Her parents had been conscientious Communists, but even her mother was imprisoned and denounced.

"She went through over a hundred of those denunciation meetings, and she was made to kneel on broken glass, and she was paraded in the streets where children spat at her and threw stones at her," Jung said.

Jung was sent to a work camp and never saw her much-beloved grandmother again. She died in 1969.

While literally millions of families like Jung's were enduring the agonies of the Cultural Revolution, Mao had himself photographed swimming. He wanted his enemies to know he was well and in charge. Mao loved to swim, but he never bathed or brushed his teeth.

"Instead he would have his servants, his mistresses wiping him every day with a hot towel," Jung said. "He didn't like to wash his hair either, and he liked this slightly itchy feeling."

Mao was a serious womanizer, and he was famous for doing government business from his bed. His rare public appearances were all about the cult of personality. The party faithful would wave the little red book, the collection of Mao quotations everyone in China was ordered to carry ... and never to question.

"You know, we were told that Socialist China was paradise on Earth. But if this is paradise, what then is hell? I blamed people around Mao, I blamed Madame Mao, but I could never contemplate Mao," Jung said.

Madame Mao, Jiang Xing, Mao's fourth wife, was his attack dog. She was one of the so-called Gang of Four — enforcers who ultimately took the heat. Within a month of Mao's death the Gang of Four were arrested and tried. Madame Mao committed suicide in prison.

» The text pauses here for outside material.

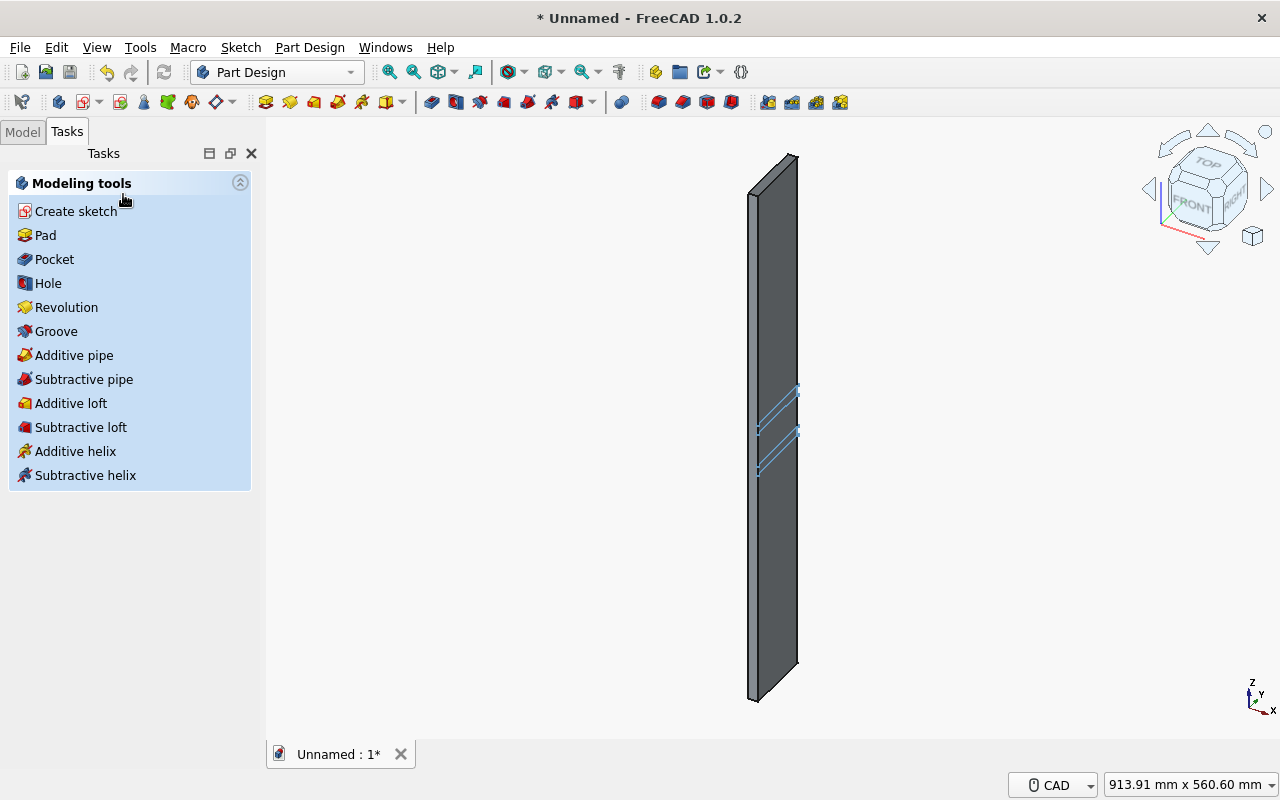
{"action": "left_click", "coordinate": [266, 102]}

Mao died in September 1976, after 27 years in power. The world struggled to process his impact. Given China's secrecy, China-watchers had little to go on. What did it mean that in 1972 and again in 1976, President Nixon went to Mao — not the other way around?

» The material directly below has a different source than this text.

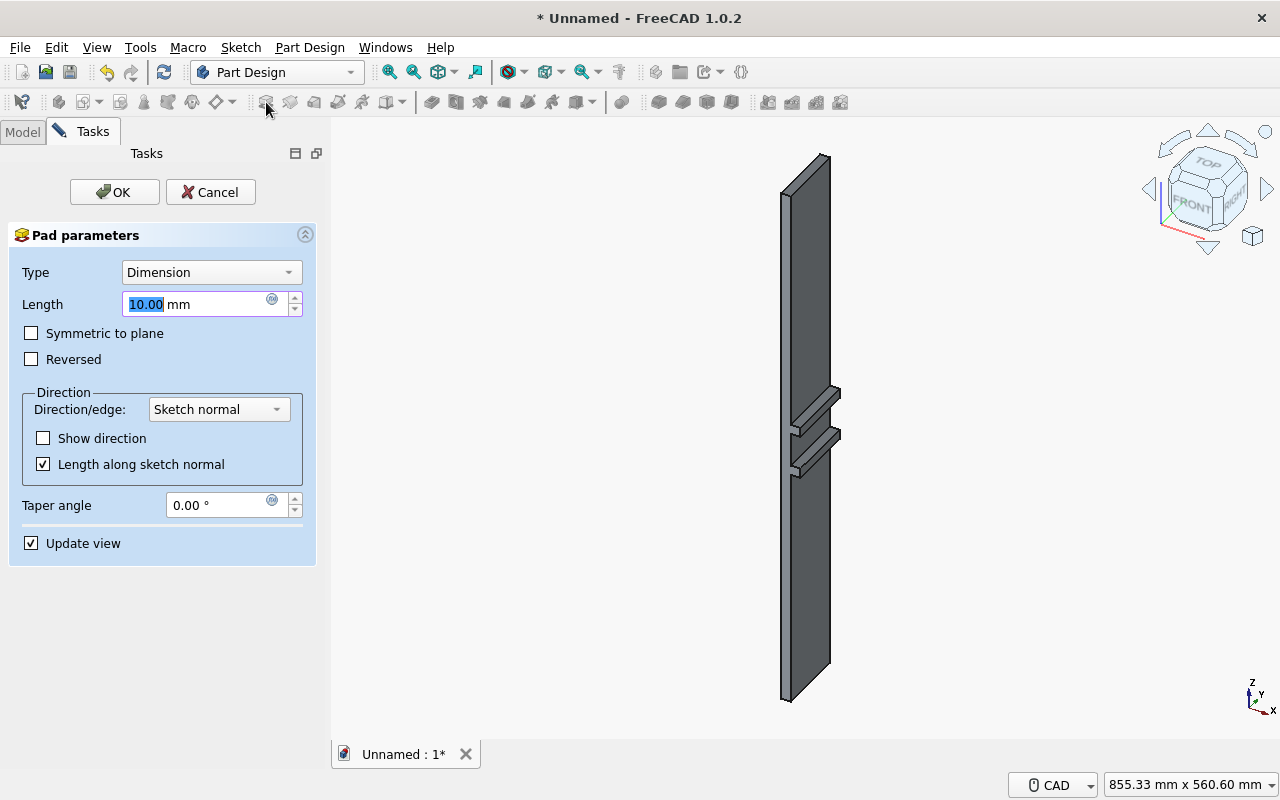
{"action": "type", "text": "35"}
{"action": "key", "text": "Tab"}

The Cultural Revolution ended with Mao's death and in 1978, Jung was allowed to go to Britain to study. She's lived there ever since. She keeps with her one of the shoes her grandmother wore on bound feet. the arm band Jung herself wore as a Red Guard, some Mao badges — a little history of 20th century China in objects.

"Mao left a tattered China," Jung said. "The economic miracles happened because Mao died and people had had enough of living under Mao's kind of rule. I mean, they wanted a good life."

Jung is equally dismissive of claims that Mao liberated Chinese women.

"They became more equal in, basically, slave labor." Jung said.

Mao has been conveniently repackaged. The generation of Chinese born after his death know only the revisionist version.

"Young people don't know that's the myth. They think he is still the great hero," Jung said.

And they may never know. "Mao, the Unknown Story" has been published in Chinese, but the book is banned in China.